> _Task details_: Please set down, unchanged, each line from the one with "- dollhouse swing [54,284,363,479]" to the final line of the data below, both included. Drop the pictures.

> _Extracted data_:

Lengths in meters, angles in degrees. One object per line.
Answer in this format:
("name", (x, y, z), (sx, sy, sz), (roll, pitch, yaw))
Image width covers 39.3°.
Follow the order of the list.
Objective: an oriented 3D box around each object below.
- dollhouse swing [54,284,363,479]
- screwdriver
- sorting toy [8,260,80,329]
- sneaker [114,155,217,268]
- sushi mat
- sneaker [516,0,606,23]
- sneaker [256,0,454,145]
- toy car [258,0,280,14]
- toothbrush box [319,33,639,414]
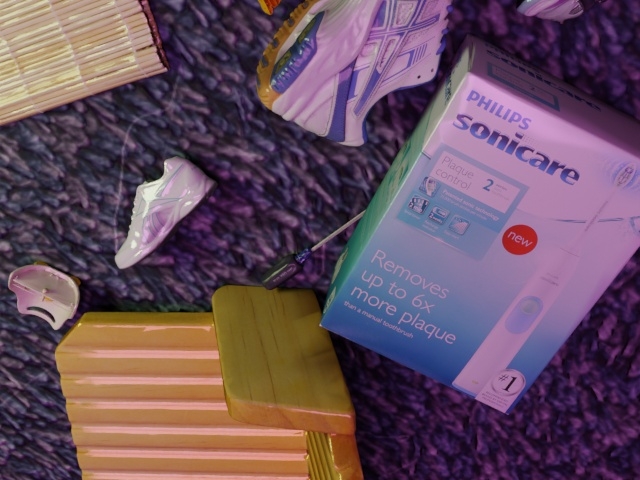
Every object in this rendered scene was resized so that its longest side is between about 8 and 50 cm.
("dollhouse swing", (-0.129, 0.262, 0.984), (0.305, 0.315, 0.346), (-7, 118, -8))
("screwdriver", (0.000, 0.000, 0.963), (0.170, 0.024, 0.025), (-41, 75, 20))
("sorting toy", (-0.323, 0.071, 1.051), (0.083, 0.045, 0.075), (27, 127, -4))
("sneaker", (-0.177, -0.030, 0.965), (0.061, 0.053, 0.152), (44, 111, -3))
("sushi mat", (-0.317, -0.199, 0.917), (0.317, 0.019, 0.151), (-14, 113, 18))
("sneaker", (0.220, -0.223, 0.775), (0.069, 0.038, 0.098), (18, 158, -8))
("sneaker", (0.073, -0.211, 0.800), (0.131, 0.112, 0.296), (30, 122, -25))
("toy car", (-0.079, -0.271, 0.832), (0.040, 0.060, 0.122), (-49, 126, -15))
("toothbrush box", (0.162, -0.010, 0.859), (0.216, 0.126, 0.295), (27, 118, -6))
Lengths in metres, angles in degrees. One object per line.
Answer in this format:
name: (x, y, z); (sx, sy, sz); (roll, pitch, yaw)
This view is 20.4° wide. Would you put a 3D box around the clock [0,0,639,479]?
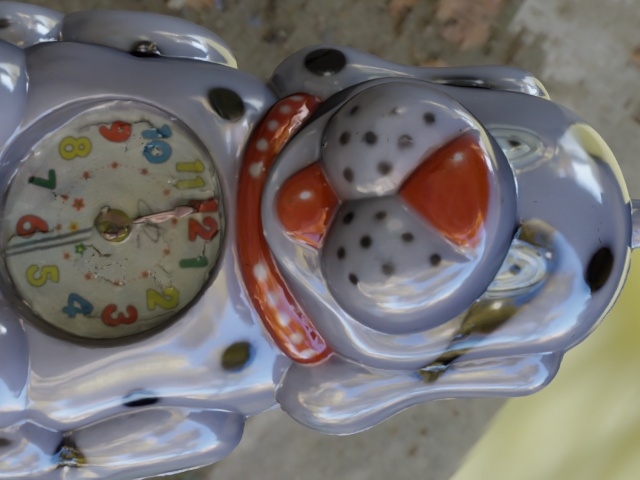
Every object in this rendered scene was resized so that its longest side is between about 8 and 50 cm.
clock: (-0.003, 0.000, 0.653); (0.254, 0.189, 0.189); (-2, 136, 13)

> _Solution for this exercise_:
- dollhouse swing [54,284,363,479]
- screwdriver
- sorting toy [8,260,80,329]
- sneaker [114,155,217,268]
- sushi mat
- sneaker [516,0,606,23]
- sneaker [256,0,454,145]
- toy car [258,0,280,14]
- toothbrush box [319,33,639,414]
Every object in this rendered scene was resized so that its longest side is between about 8 and 50 cm.
("dollhouse swing", (-0.129, 0.262, 0.984), (0.305, 0.315, 0.346), (-7, 118, -8))
("screwdriver", (0.000, 0.000, 0.963), (0.170, 0.024, 0.025), (-41, 75, 20))
("sorting toy", (-0.323, 0.071, 1.051), (0.083, 0.045, 0.075), (27, 127, -4))
("sneaker", (-0.177, -0.030, 0.965), (0.061, 0.053, 0.152), (44, 111, -3))
("sushi mat", (-0.317, -0.199, 0.917), (0.317, 0.019, 0.151), (-14, 113, 18))
("sneaker", (0.220, -0.223, 0.775), (0.069, 0.038, 0.098), (18, 158, -8))
("sneaker", (0.073, -0.211, 0.800), (0.131, 0.112, 0.296), (30, 122, -25))
("toy car", (-0.079, -0.271, 0.832), (0.040, 0.060, 0.122), (-49, 126, -15))
("toothbrush box", (0.162, -0.010, 0.859), (0.216, 0.126, 0.295), (27, 118, -6))
Lengths in metres, angles in degrees. One object per line.
Answer in this format:
name: (x, y, z); (sx, sy, sz); (roll, pitch, yaw)
This view is 20.4° wide. Would you put a 3D box around the clock [0,0,639,479]?
Every object in this rendered scene was resized so that its longest side is between about 8 and 50 cm.
clock: (-0.003, 0.000, 0.653); (0.254, 0.189, 0.189); (-2, 136, 13)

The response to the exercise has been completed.